Can I Carb-Load with Diabetes?

Q I am a 50-year-old male and was recently diagnosed with diabetes. I have run on and off my entire life but have started running very seriously, enough so that I have registered for my first ever half marathon. I have seen many articles about runners and carb-loading, both in training and for the actual race. I am concerned that with my diabetes, carb-loading might not be my best option. What are the best foods for me to be eating? My race is in 22 weeks and I have just started a 20 week (plus two extra) training program. It is important to me that I complete the training and the race but it’s also just as important that I eat properly for my condition. – M.


A This is a great question that affects many who have the diagnosis of diabetes. I am going to assume from your age and the recent diagnosis that you have type 2 diabetes and that you are in reasonably good control. When you look for information on your question, there is not a lot out there to give you a definitive answer. Although we are getting better at finding type 2 diabetes earlier, the condition is often present for several years before the diagnosis is made. It is important to have an evaluation with your physician before you take on higher level exercise like training for a half marathon to make sure you do not have cardiovascular disease or other problems associated with diabetes and that your medications are the best for more intense physical activity.

Type 2 diabetes involves insulin resistance and inability to get glucose into the cells. The treatments are geared to improve the cell responses and glucose utilisation pathways. Exercise increases glucose uptake into the muscle and generally improves type 2 diabetes. Eating a well-balanced diet aimed at attaining and maintaining ideal body weight for your height will likely serve you well during your training and racing. A mix of complex carbohydrate, protein and healthy fats (from nuts, avocado and fish) should be good for you. An increase in your carbohydrate load the day prior to your race should be adequate to fuel your race.

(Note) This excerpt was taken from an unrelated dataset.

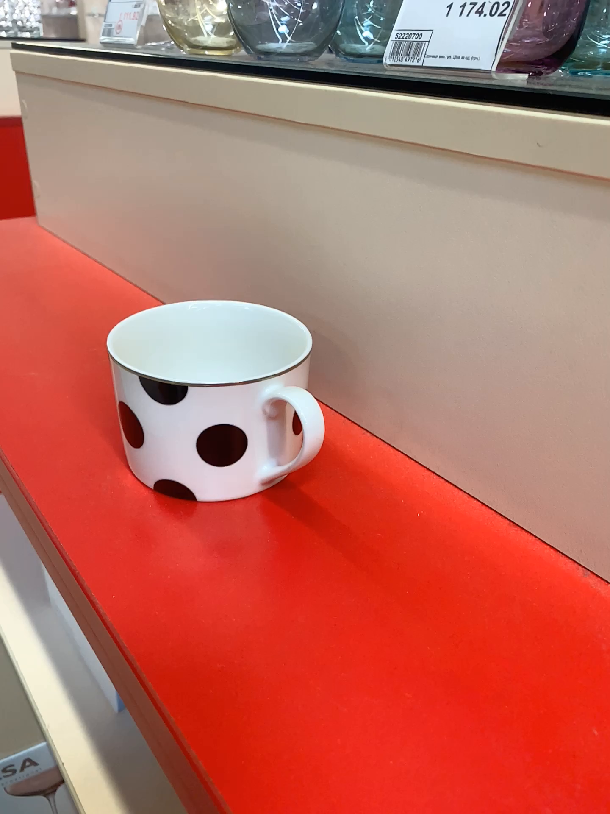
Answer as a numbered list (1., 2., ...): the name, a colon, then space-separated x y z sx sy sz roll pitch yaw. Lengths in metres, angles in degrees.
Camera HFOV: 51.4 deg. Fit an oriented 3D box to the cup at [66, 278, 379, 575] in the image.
1. cup: -0.036 -0.001 0.269 0.080 0.070 0.100 -23 38 -38

The mainstay of medical treatment for type 2 diabetes is metformin when diet and exercise alone have failed. Metformin works by enhancing peripheral glucose uptake, decreasing glucose production in the liver, and increasing insulin sensitivity. This medication rarely causes hypoglycemia so it is a good one for those who exercise, but do not have adequate control from diet and exercise alone. You will likely develop your race day nutrition strategy during your long runs as your prepare for the race. You might try different carbohydrate loads the evening before your longer training runs, although the most important part of your plan will be how you replace carbohydrate during your runs that last longer than 60-90 minutes. Sports drinks during your runs may help level your carbohydrate levels available to the muscle while you are racing. Some of the gels made for racing can keep your glucose levels up to allow muscle utilisation and have the advantage of a small volume. For your usual shorter duration training days, you probably do not have to do anything different. If you are on medications that augment insulin secretion, like a sulfonylureas, you will be at more risk of hypoglycemia during your runs and you may need a different strategy.

It is prudent to carry a glucose gel tube or glucose tablets when you are on training runs and when you race to cover yourself if you become hypoglycemic. You may have to check your glucose a few times to see how the level correlates with how you feel. It will be important for you to discuss your exercise plans with your physician and maybe you would benefit from a session or two with a nutritionist who focusses on diabetes and exercise.

Bottom line, there will not be a huge benefit from carbohydrate loading, but you will need to focus on your intake during long runs.